The Court of Audit has again reprimanded the municipalities for the disorganization that their technicians value in the local public sector and that, moreover, has been dragging on for years. So much so that, in its latest report, it gravely warns that “the sustainability” of the municipal treasury is “affected by the existence of instrumental entities that systematically suffer losses or find themselves in a situation of patrimonial imbalance”.

And this, the regulatory body warns, “implies the need to take measures aimed at its correction.” At the end of 2020 (the last year analysed), one in ten municipal companies – a total of 806 were registered – was “in legal grounds for dissolution” (the assets were less than half of the share capital) or “without activity”, almost the double in church councils with less than 5,000 inhabitants.

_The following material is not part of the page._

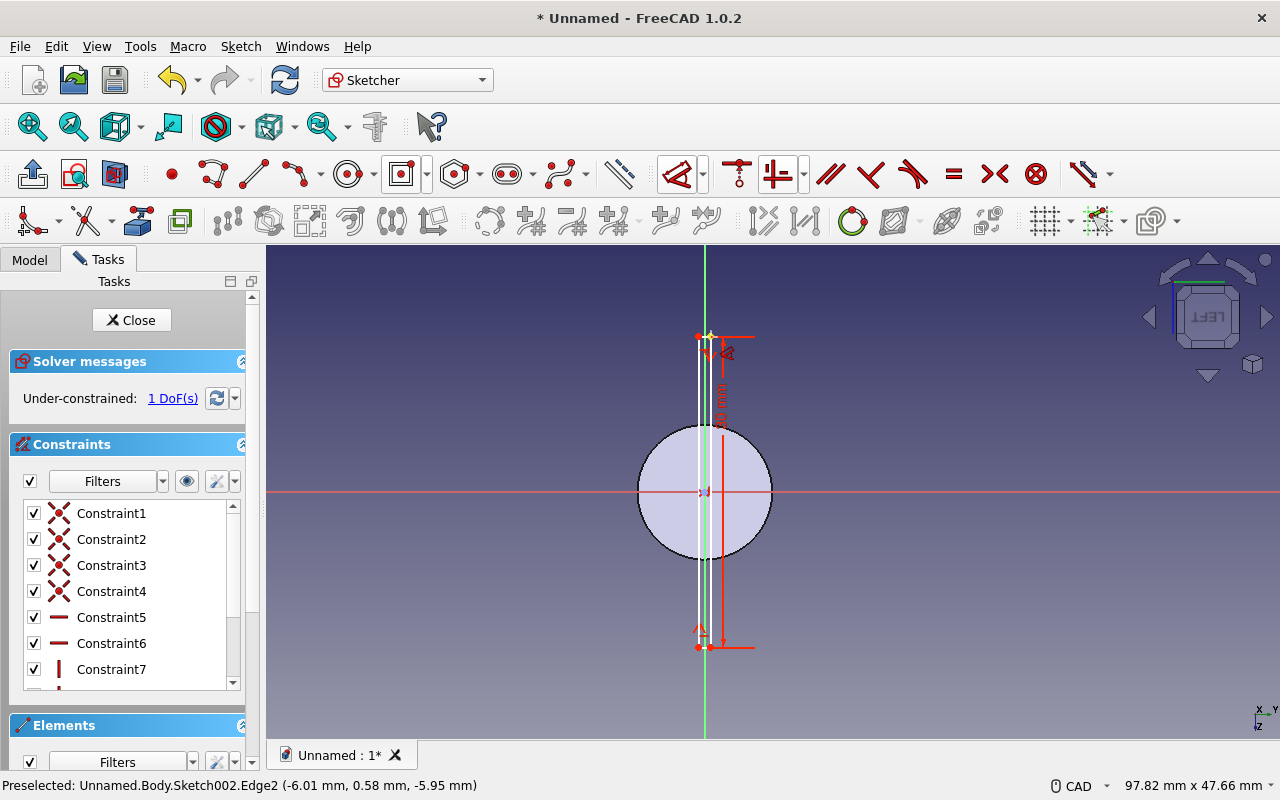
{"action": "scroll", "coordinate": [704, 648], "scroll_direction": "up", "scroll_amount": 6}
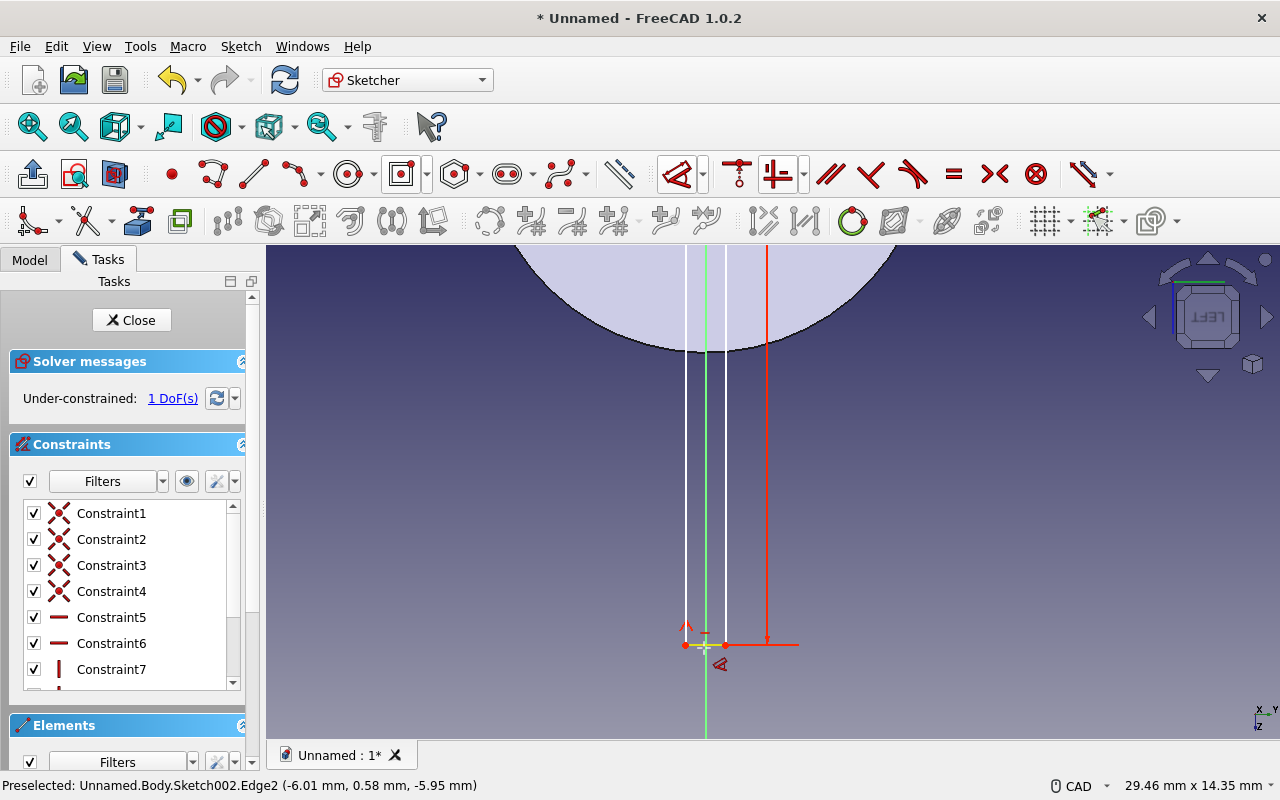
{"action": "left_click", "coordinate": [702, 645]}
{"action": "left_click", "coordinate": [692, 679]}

At 29 of these listed companies, they had been in technical bankruptcy for more than five years.

Similarly, 30% of local government companies (notably 243) ended the past year with losses and a third of those also ended 2019 with negative results. Added to this complicated scenario is the fact that municipal companies (including municipalities and municipalities) supported a debt of 5,956 million euros, of which 42% was due on short term. The situation was doubly worrisome in nearly 35% of them, as their commitments were added to their reds for at least two years in a row.